“Baik. Semua baik, Nyonya Ong. Banyak istirahat, jaga makanan, juga jalan pagi,” begitu selalu dokter Nasir, dokter sepuh langganan keluarga kami dulu selalu mengatakan kepadaku, dengan senyum lebarnya yang sulit untuk dilupakan siapa pun yang pernah mengenalnya. Namun, tidak hari itu.
“Saya belum bisa memastikan, Nyonya. Harus dicek dulu di laboratorium,” katanya tanpa senyum saat memeriksa dan mendengarkan keluhanku. Kakiku sudah sering sekali kesemutan dan gerakanku sudah semakin lamban. Aku sering sekali melupakan hal-hal yang dulu begitu mudah kuingat. Itu jelas tanda-tanda penuaan, penurunan dan kepikunan yang berlangsung amat cepat. Wajah dokter Nasir terlihat kuatir. Dari perubahan sikap dan cara bicaranya kusimpulkan bahwa keadaanku memang sudah amat menurun. Dalam perjalanan pulang dengan beechia dari tempat praktiknya, aku terus melamun.

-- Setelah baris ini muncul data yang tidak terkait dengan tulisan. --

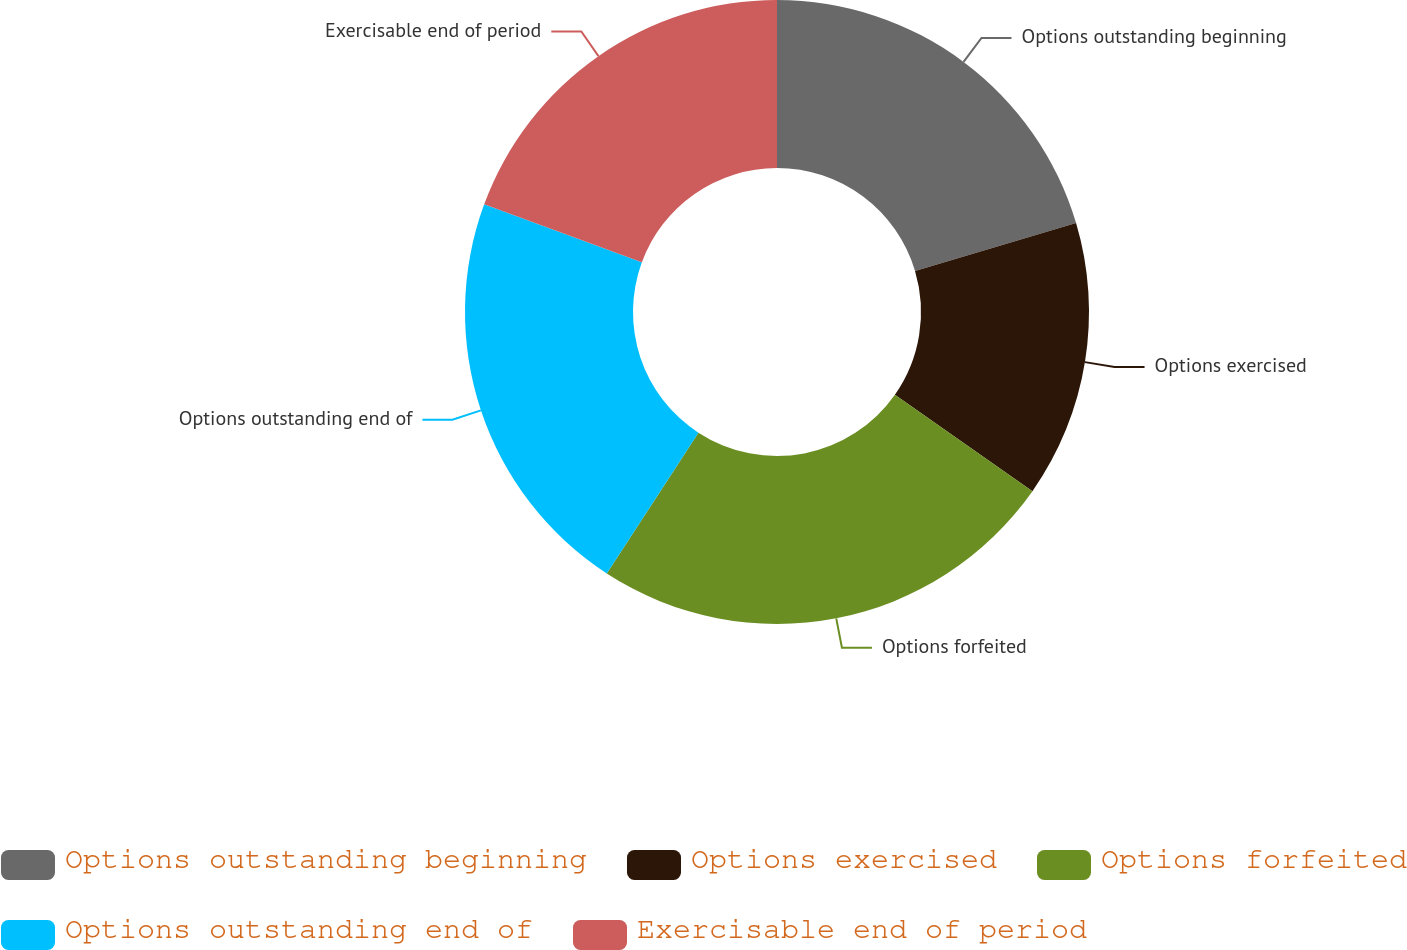Convert chart. <chart><loc_0><loc_0><loc_500><loc_500><pie_chart><fcel>Options outstanding beginning<fcel>Options exercised<fcel>Options forfeited<fcel>Options outstanding end of<fcel>Exercisable end of period<nl><fcel>20.4%<fcel>14.33%<fcel>24.45%<fcel>21.42%<fcel>19.39%<nl></chart>

Sudah bertahun-tahun aku memohon pada Sang Maha Kuasa, agar mengambil Giok sebelum dia mengambilku. Jika aku mati sebelum dia, tidak ada yang akan peduli kepadanya. Saudara-saudaranya tak mungkin peduli merawatnya seperti aku. Para kuliwo bahkan tak mau mencuci celana dalamnya yang selalu belepotan lendir kemaluan, kencing dan terkadang tahi saat Giok tidak keburu membukanya saat kebelet berak.

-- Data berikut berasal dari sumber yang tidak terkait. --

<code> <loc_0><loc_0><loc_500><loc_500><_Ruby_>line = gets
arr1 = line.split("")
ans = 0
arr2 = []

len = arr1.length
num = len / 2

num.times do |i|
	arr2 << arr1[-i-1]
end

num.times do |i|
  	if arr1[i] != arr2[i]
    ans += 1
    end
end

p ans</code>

Aku tahu, jika aku mati sebelum dia, saudara-saudaranya hanya akan membuangnya di rumah sakit jiwa. Orang-orang di sana tidak akan mengurusnya. Dokter dan perawat akan menyuntiknya dengan obat bius saat dia mengamuk. Petugas keamanan akan mengikat dan memukulinya. Sesama penghuni akan mengeroyoknya.

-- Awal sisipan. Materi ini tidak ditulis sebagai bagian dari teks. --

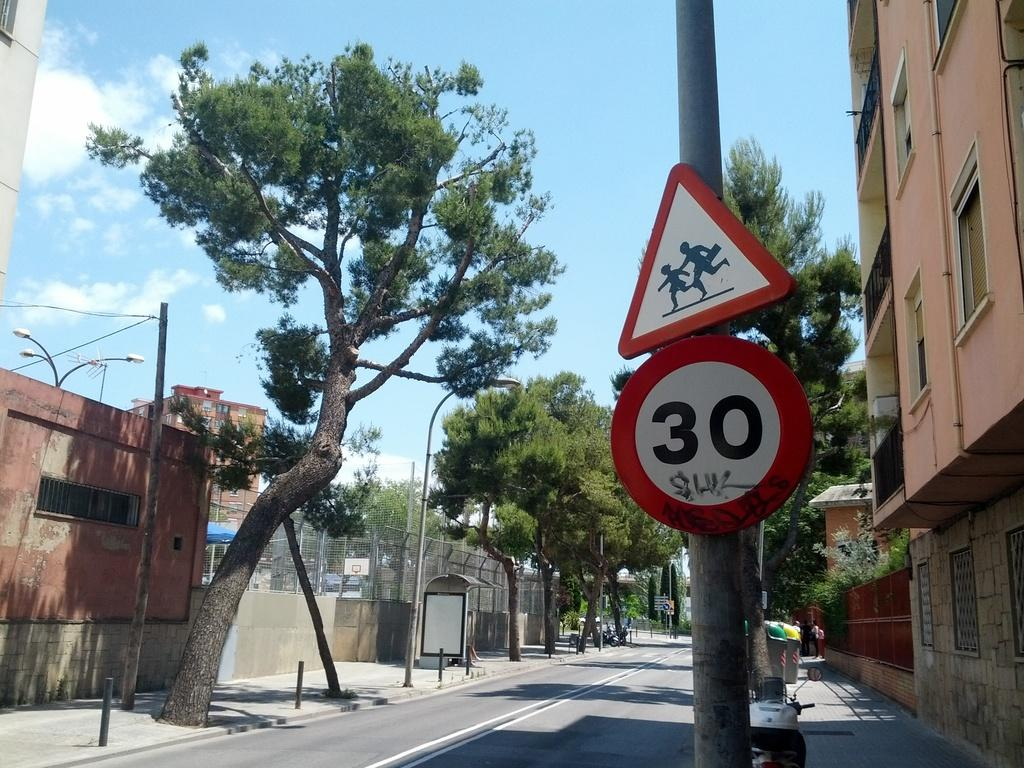<image>
Render a clear and concise summary of the photo. a street sign that is orange and white and black with the number 30 on it

Suatu hari, dalam keputusasaanku, aku dikuasai pikiran yang amat buruk. Aku harus berbuat sesuatu sebelum aku menjadi pikun dan lumpuh. Dengan pengetahuan yang diajarkan ibuku dulu sekali di rumah besar di Fuqing, aku bisa meramu berbagai ramuan. Ada ramuan yang bisa membuat orang sembuh. Dan ada yang bisa membuat orang … mati.